The play starts off with the Birling family celebrating their daughter’s engagement to Gerald Croft. The family included Mr. Birling, Mrs. Birling, Eric Birling, Sheila Birling, and Gerald Croft. Arthur Birling is glad because Gerald is the son of his business competitor and it will be a merger of businesses. Through the middle of the dinner there is a knock at the door. This is where we meet inspector Goole. He tells the family that a girl has committed suicide and that in one way or another they are responsible. Mr. Birling was responsible for sacking the girl from his factory. Sheila Birling was responsible because she got the girl sacked from a shop where she works. Eric Birling was seeing her but the broke it off, and Gerald Croft was having an affair with her but he also broke it off because she was pregnant with Gerald crofts baby. All of their morals are tested and they are all put to the test because none of them really know the truth about what they have done until the inspector brings it out of them.
Inspector Goole is mysterious. He has a way of making the characters confess to him, and to themselves, their role in Eva Smiths demise. He links the separate accounts together to form an approximate biography of Eva Smith from when she left the employment of Mr. Birling up until she commits suicide.
"We don't live alone. We are members of one body. We are responsible for each other."
He points out that
"We have to share something. If nothing else, we'll have to share our guilt,"
and that
"Public men Mr Birling, have responsibilities as well as privileges"
to which Birling replies
"…You weren't asked here to talk to me about my responsibilities."
Contrary to what Arthur Birling believes, it is a very likely that the Inspector was sent to the Birlings to teach them about responsibility.
Mr. Birling is very much the stereotypical businessman, like many of the higher-class businessmen he doesn’t often take his mind of making profit. Even in his speech about Gerald’s engagement to his daughter. He states how
“Your engagement to Sheila means a tremendous lot to me.” “Your father and I have been friendly rivals in business for some time now – though Crofts Limited are both older and bigger than Burling and Company – and now you’ve brought us together, and perhaps we can look forward to time when Crofts and Birlings are no longer competing but working together – for lower costs and higher prices.”
This shows the greedy nature of Mr. Birling and I believe he is used as a representation of a whole lot of upper-class people. People who are out to make money and don’t care about anything else as he said
”I am a hard-headed businessman.”
Using this social stereotype makes it easier for the audience to relate these characters to real life.
By Gerald giving a ring to Sheila her whole mood changes to that of excitement and delight. This shows how the upper classes attach so much value to priceless objects.
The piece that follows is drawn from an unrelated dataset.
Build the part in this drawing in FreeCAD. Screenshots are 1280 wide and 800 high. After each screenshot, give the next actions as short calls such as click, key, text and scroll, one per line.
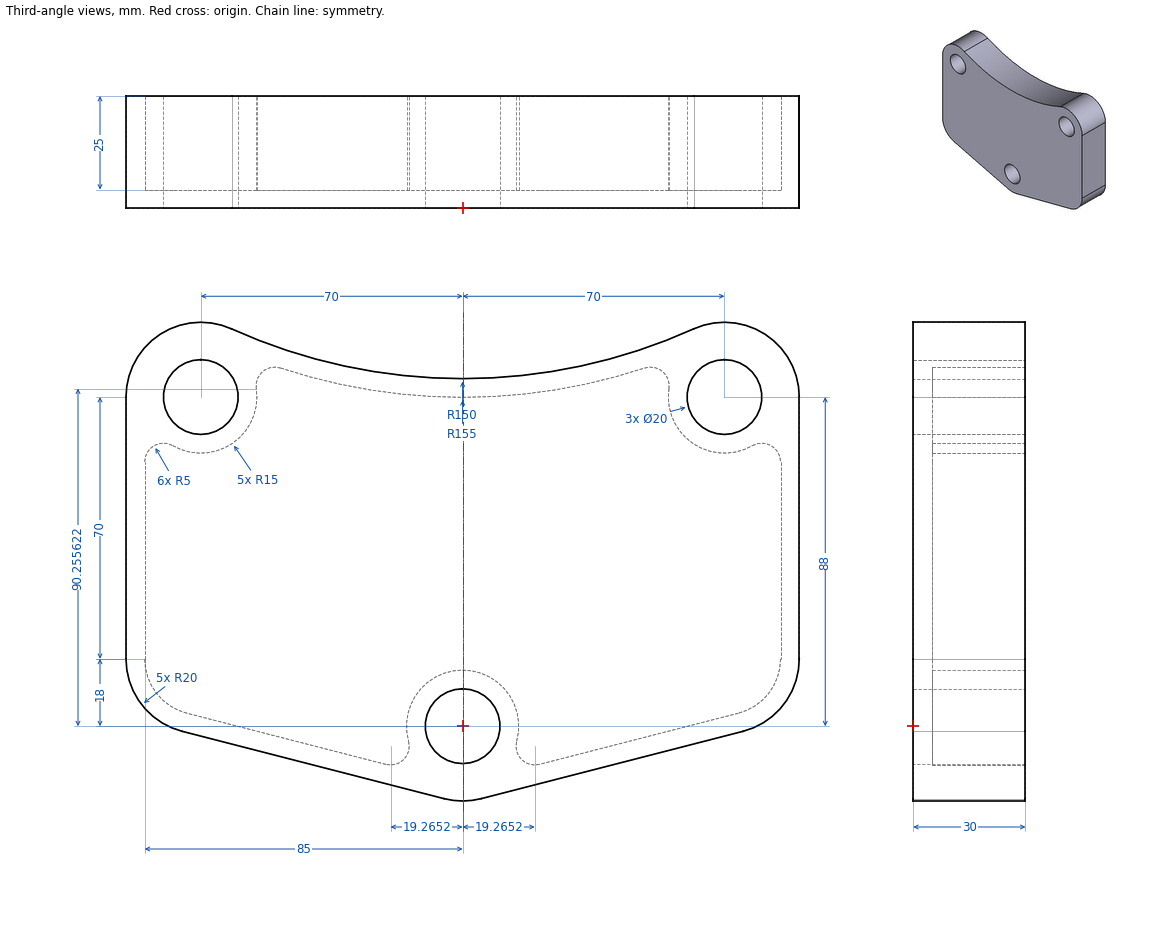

Gerald covers up anything he has done wrong by giving the ring, more than as a sign of love. It was probably more to do with guilt form his affair with Eva. Gerald him self is more than it seems to us, he in a way is just like the Birlings, he also desires wealth.
As we go further in to the story past the death of Eva smith we find that most of the things Mr. Birling says are ironic! “Titanic is unsinkable, absolutely unsinkable",
That "The Germans don't want a war. Nobody wants a war”
And that "we're in for a time of increasing prosperity"
Give that audience the impression that his views of community and shared responsibility are misguided also. Every one of the predictions Birling makes are wrong; the Titanic sank on her maiden voyage, World War one broke out two years after the play was set and the American stock market crashed in 1929, plunging the world into economic chaos. This leads us to regard him as a man of many words but little sense! Ironic in a way that the audience knew all this. This just shows the hard-headedness and realism of the play, the ordinary person would say things that he believed.
My conclusion is that the Birling’s do not learn to take responsibility for them selves and should not think in a way that they should not only “look after number one” but also to see what they have done wrong.